IN ANTICIPATION OF THE SUN
Something stopped us that day. Even now, I don’t know exactly what it was.
It all began at an unnaturally early hour. For me at least. Kajtek is an old hand at
spooning down porridge at 5:30 in the morning. Outside the window, Egyptian
darkness. We were waiting for the sun. In winter, it sleeps in, rolls out of bed hours
after Kajtek, who was already sitting astride his sled in the hallway. I opened the
window, encouraging the caffeine to circulate through my veins. Chest pain hit with
the first inhalation. Asthma was up, too. Smell of chimneys burning.
It wasn’t smoke rising from the familiar shapes in the yard, not exactly. It was a fog,
dense as the dead of night. A violent act perpetrated against a pinned-down sun. I
rubbed my gummy eyes. Called to Kajtek. Nose squished to the windowpane, eyes
open wide, his mouth forming the question of the day: “Dad, what’s that?” Through a
mental mist, an answer emerged from a geography lesson of yore. “Clouds on Earth,
son!”
Something stopped us that day. Alert! Alarm! Smog! So we took off our hats and
one-piece snowsuits, disappointedly stowed the sled.
I closed the window. The smog transmogrified into a baleful dragon, writhing in the
skies above the city.

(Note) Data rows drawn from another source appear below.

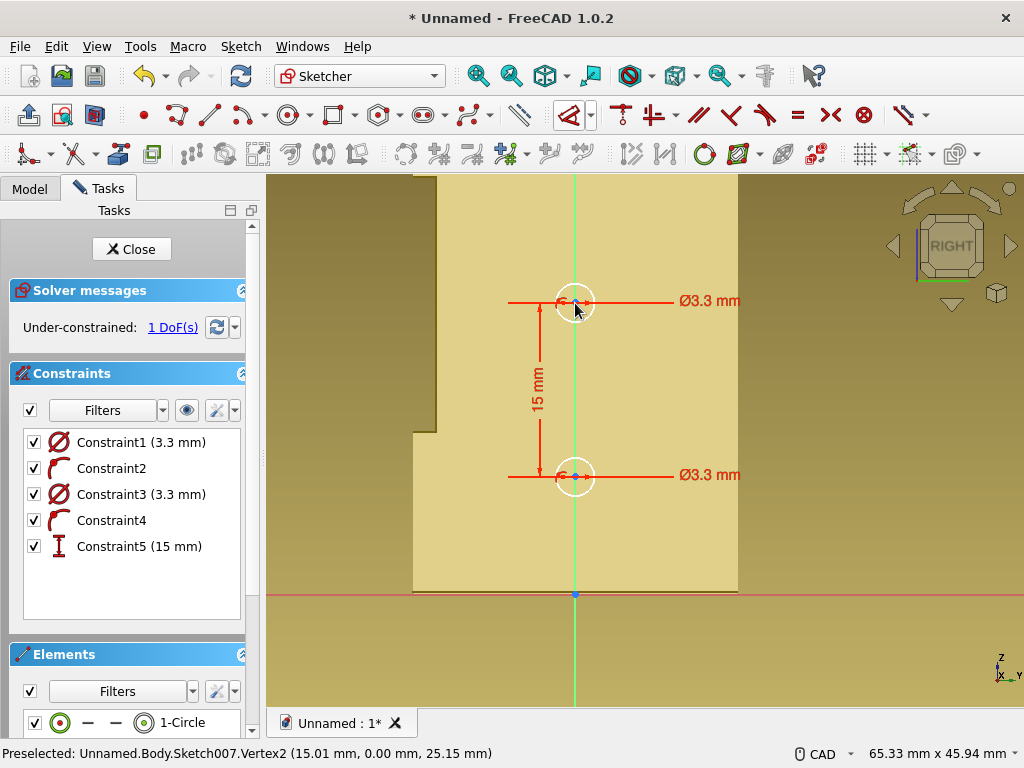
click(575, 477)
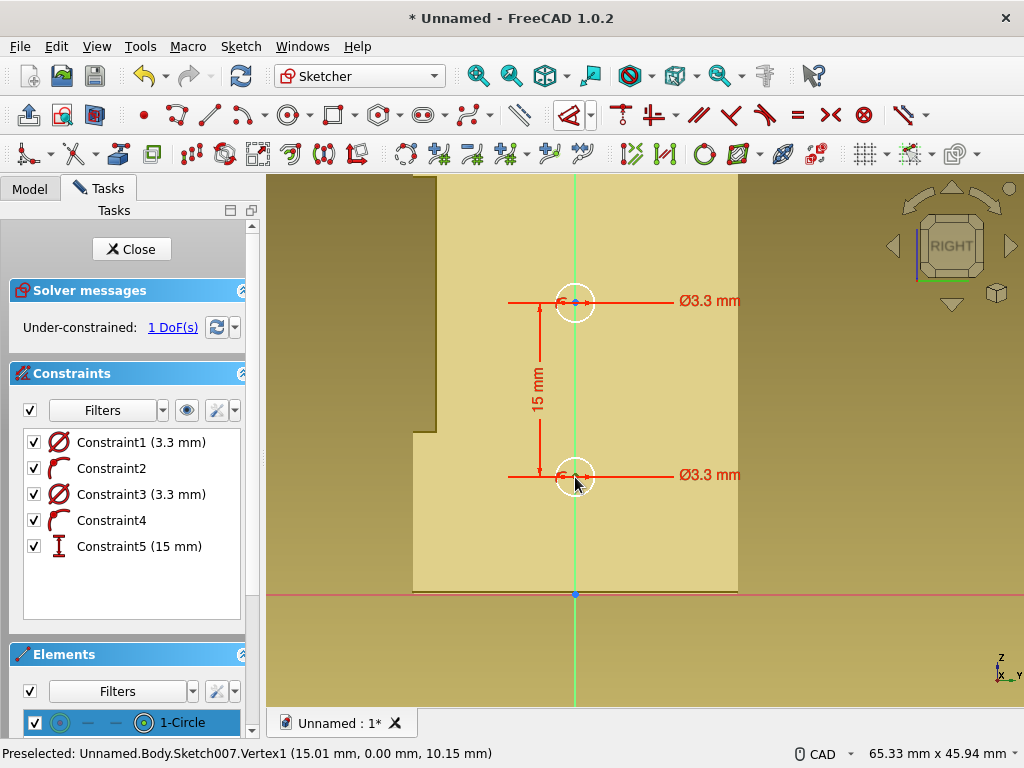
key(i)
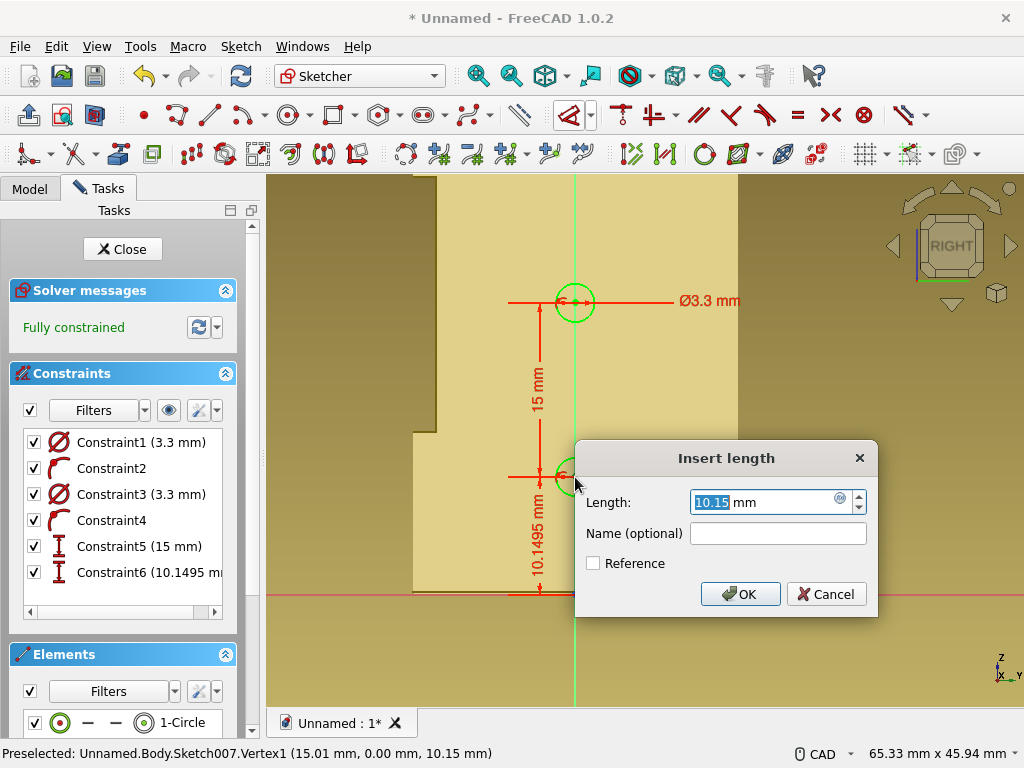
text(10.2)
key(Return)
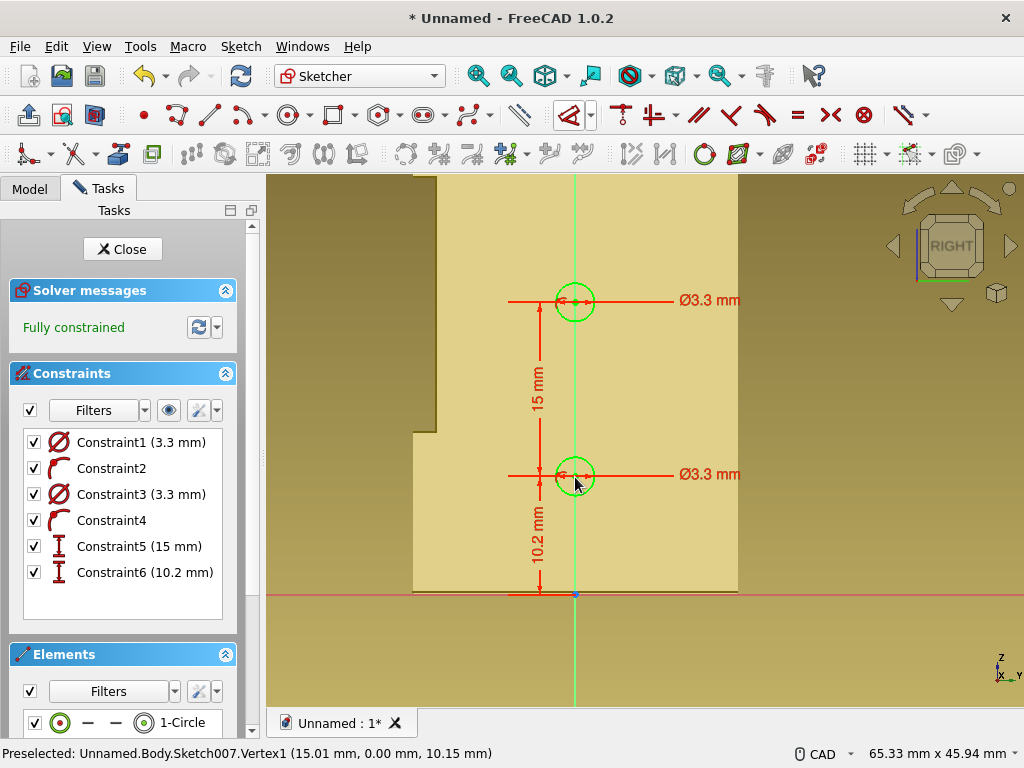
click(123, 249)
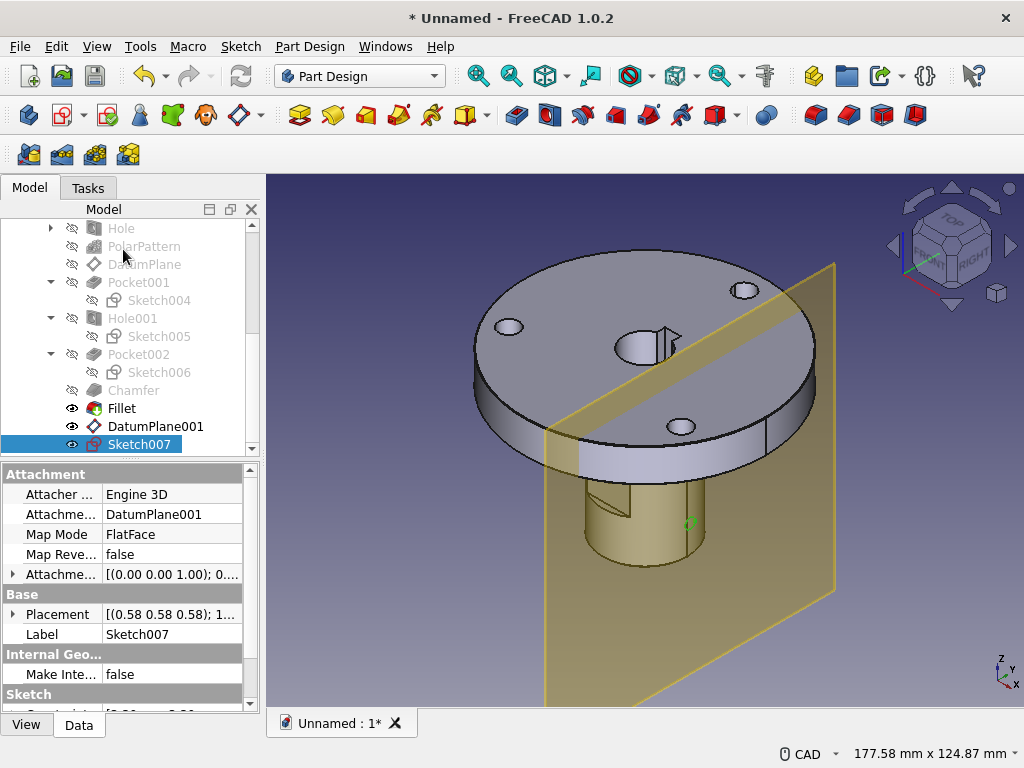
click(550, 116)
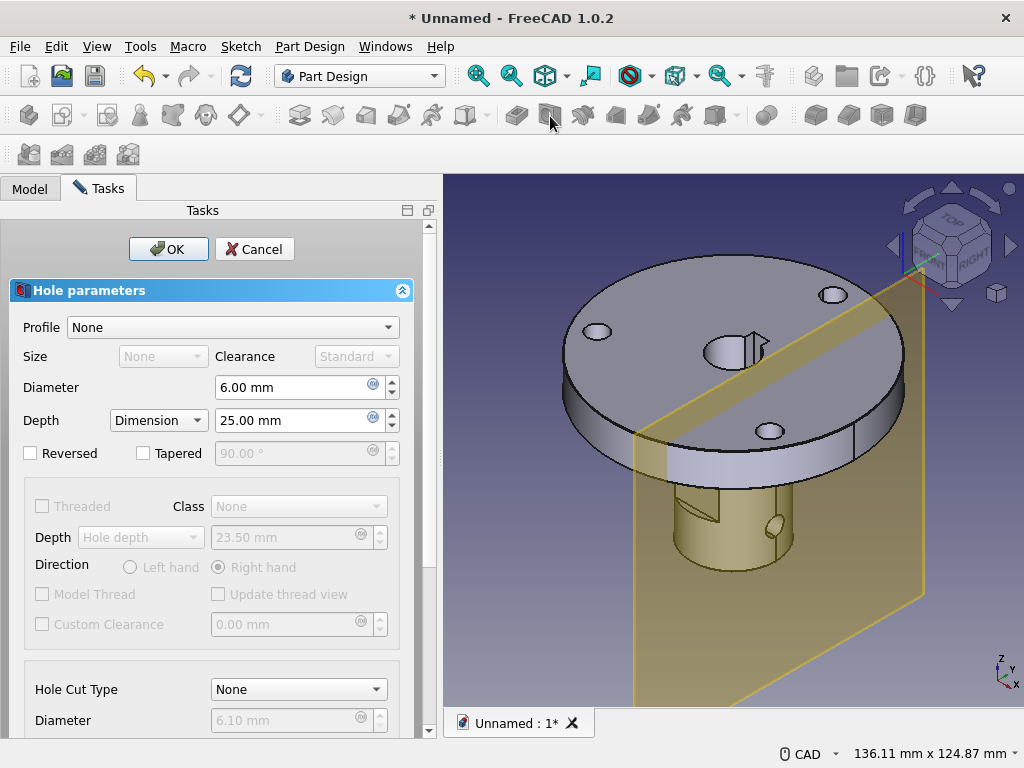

Kajtek had already armed himself with sword and shield. I, too,
believed we could defend ourselves. I answered questions. I wove a tale, of verbs and
adjectives, with exclamation points! Kajtek covered a sheet of paper as white as snow
with grey and black graphite. We spun the globe, seeking to pinpoint the dragon’s
lair. Brush-stroked Chinese characters appeared before my mind’s eye. Cough.
I cannot speak. I cannot write. But I can look. I can show. The idea expelled itself
from me like a cough. Biological, organic. An unconditional reflex of a concept. I
owe it to my son. To you, too. And to the planet. To exhibit smog to the world. To
expose its nebulous face.
Something stopped us that day. We were held motionless, in anticipation of the sun.